INTERFERENCIA viajó hasta Valparaíso y revisó los documentos notariales de esta transacción. A partir de la lectura de estos, se pudo establecer cómo fue la operación y los montos involucrados.

Al desprenderse de su participación de 50% en Sisdef, la británica BAE Systems vendió un 40% a Asmar, la que pagó US$ 1, 8 millones dólares brutos; y el restante 10% lo vendió a Coretech, la que pagó poco más de US$ 300.000 brutos. El dólar en ese entonces tenía un valor de 485 pesos, lo que da un monto cercano al capital social que la sociedad encabezada por el ex marino estableció en septiembre de 2010.
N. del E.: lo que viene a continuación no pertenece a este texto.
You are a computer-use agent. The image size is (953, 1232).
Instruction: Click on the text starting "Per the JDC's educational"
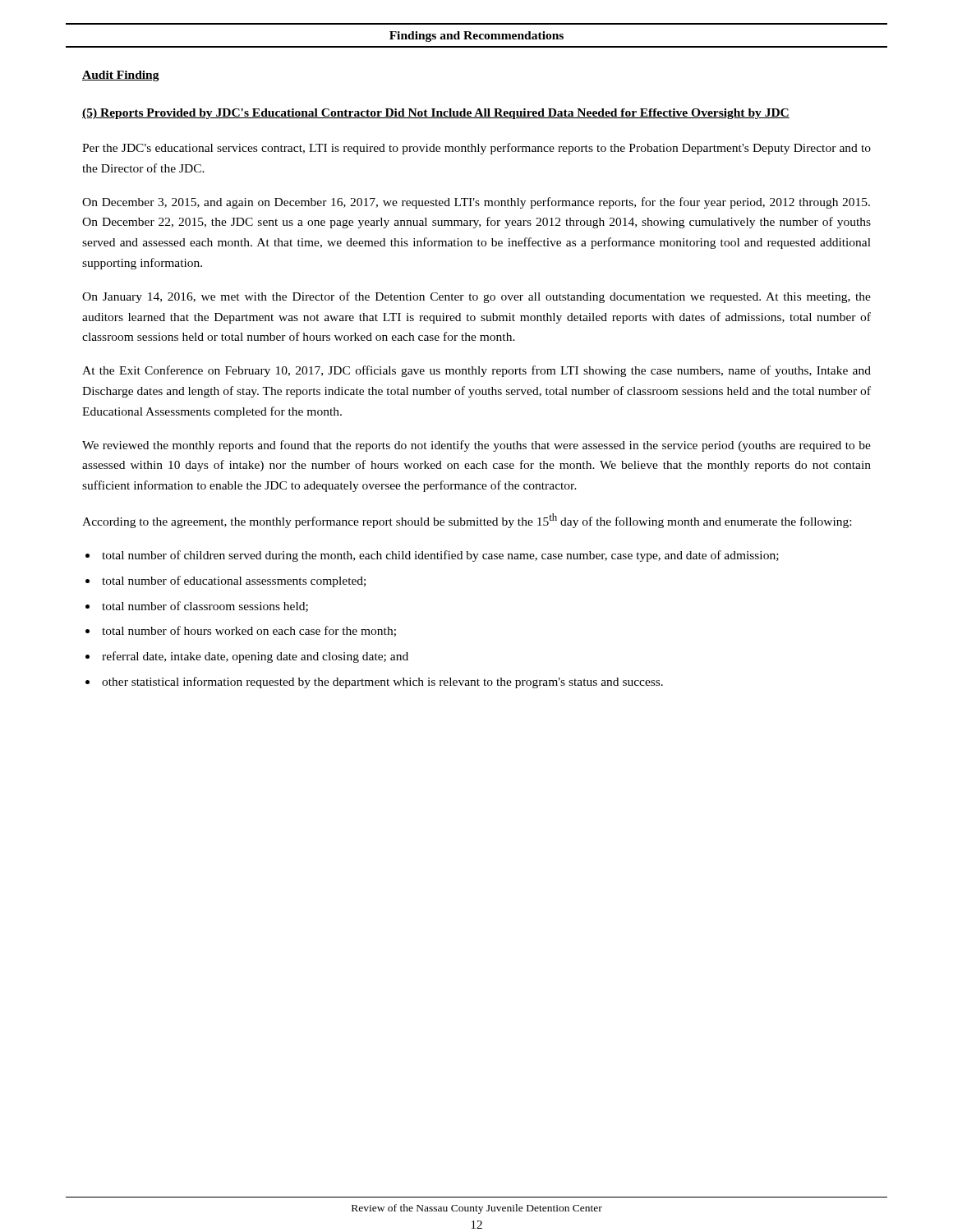click(476, 158)

A través de esta compra, Coretech entró de lleno en la propiedad de Sisdef, con un puesto en el directorio y un artículo en la escritura que dejaba en claro que “las utilidades se repartirán entre los socios a prorrata de sus respectivos aportes. En igual proporción soportarán las eventuales pérdidas”. Todo, por cierto, con el consentimiento de Asmar.
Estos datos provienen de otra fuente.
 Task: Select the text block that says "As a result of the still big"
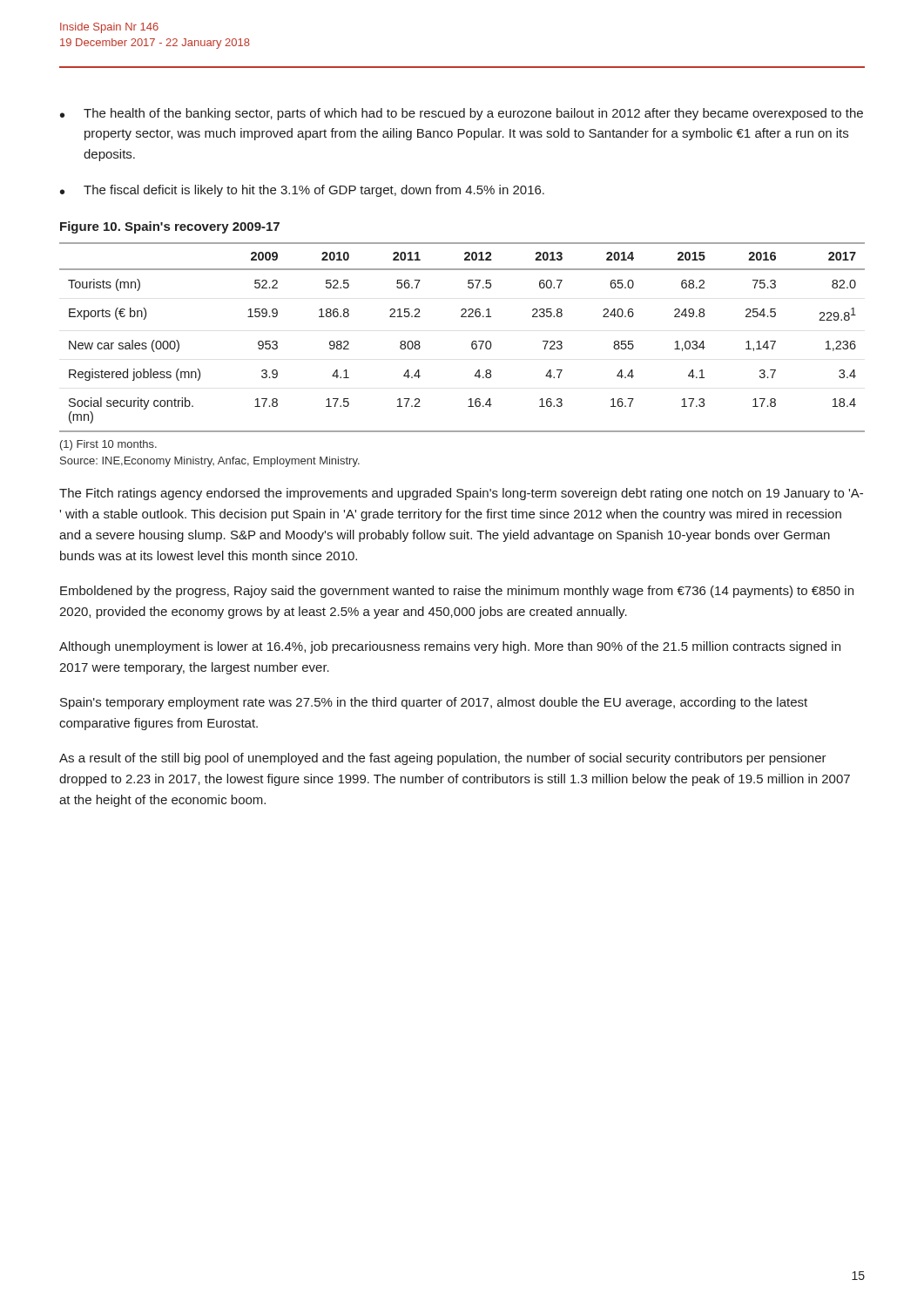(455, 778)

Sin embargo, ahí no acababan los detalles de esta transacción. A continuación de esa escritura, se suscribió otro documento, ahora entre los nuevos socios, en donde se fijaron los términos de este negocio en conjunto. Allí, quedó estipulado que en caso de que Coretech quisiera vender su porcentaje, “Asmar estará obligada a comprar pura y simplemente la participación”. Una de las condiciones de esta eventual compra sería, entre otras, que el precio equivaldría “al precio bruto de compra que haya pagado Coretech a BAE, aplicando como factor de reajuste, el porcentaje correspondiente a operaciones no reajustables en moneda nacional”.
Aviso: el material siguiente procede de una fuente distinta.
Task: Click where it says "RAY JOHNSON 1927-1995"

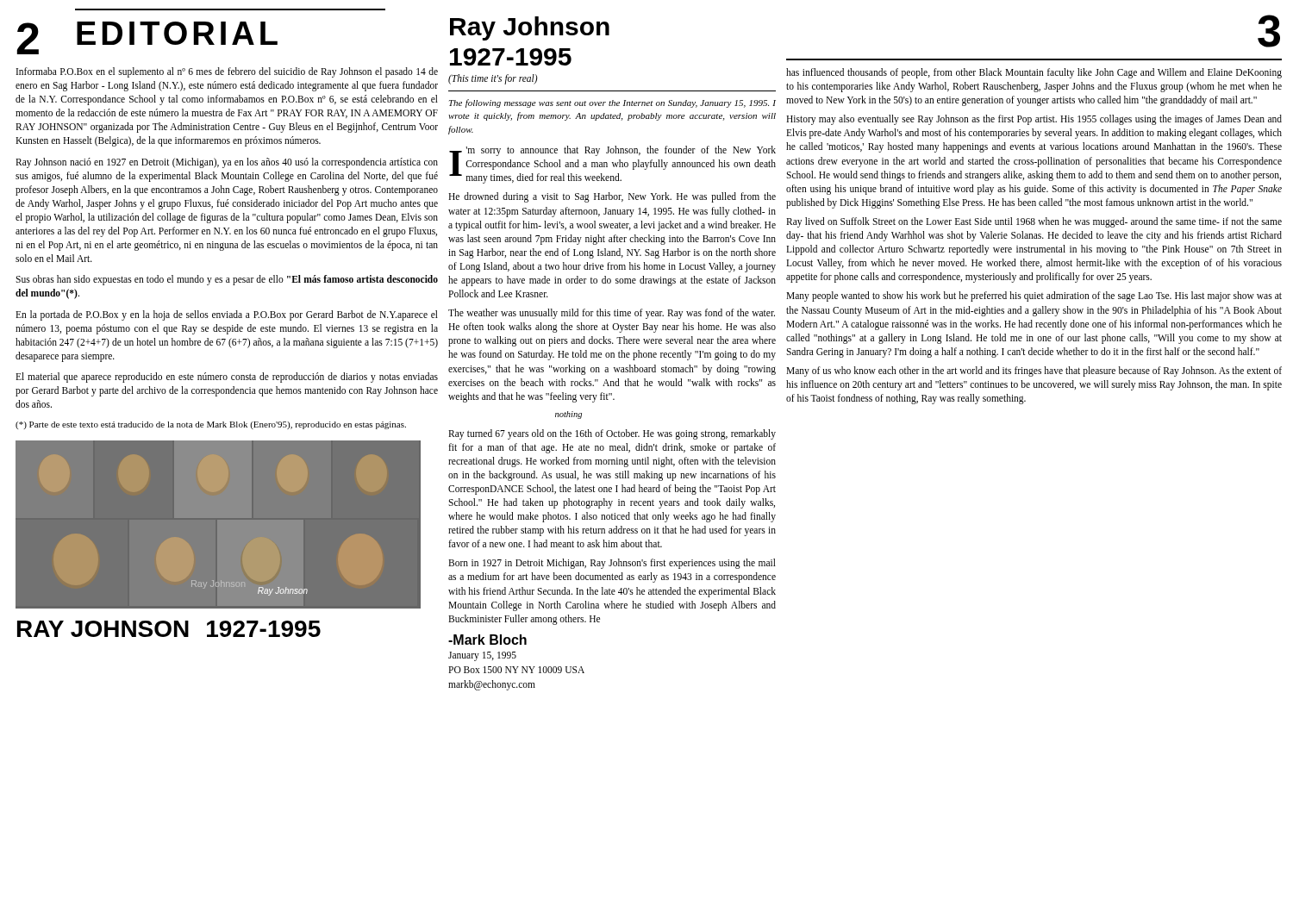Action: pos(168,629)

Este panorama configuró, cuando menos, un negocio seguro para la nueva sociedad que pasó a estar en la estructura de esta filial de Asmar. Todos los hombres tras Coretech continúan siendo parte de la empresa, salvo Niada Ibáñez, quien dejó la gerencia general de Sisdef el 30 de abril pasado, tal como lo informó la misma compañía en una noticia publicada en su sitio web.

Los antecedentes recabados por este medio indican que Niada Ibáñez continúa como controlador de Coretech, incluso luego de su salida. Sin embargo, como las sociedades por acciones pueden hacer traspasos privados, INTERFERENCIA se contactó tanto con Sisdef como con Asmar para consultar sobre esto, sobre si sigue vigente la cláusula de salida de Coretech y los otros temas respectivos de este artículo.

Al contralmirante Luis Kohler, director de Asmar y miembro del directorio de Sisdef, se le solicitó una entrevista presencial o telefónica hace 11 días, la que no se pudo concretar. Enviadas las preguntas a la misma autoridad vía correo electrónico, este medio tampoco recibió respuesta hasta el cierre de esta edición. INTERFERENCIA también se contactó con el actual gerente general de Sisdef, Francisco Hederra, y le envió las mismas preguntas que al oficial de la Armada. Hederra indicó que respondería, sin embargo, eso no sucedió hasta el cierre de esta edición. En tanto, Patricia Tobar, actual representante de BAE Systems en Chile, no quiso participar en la elaboración de este artículo.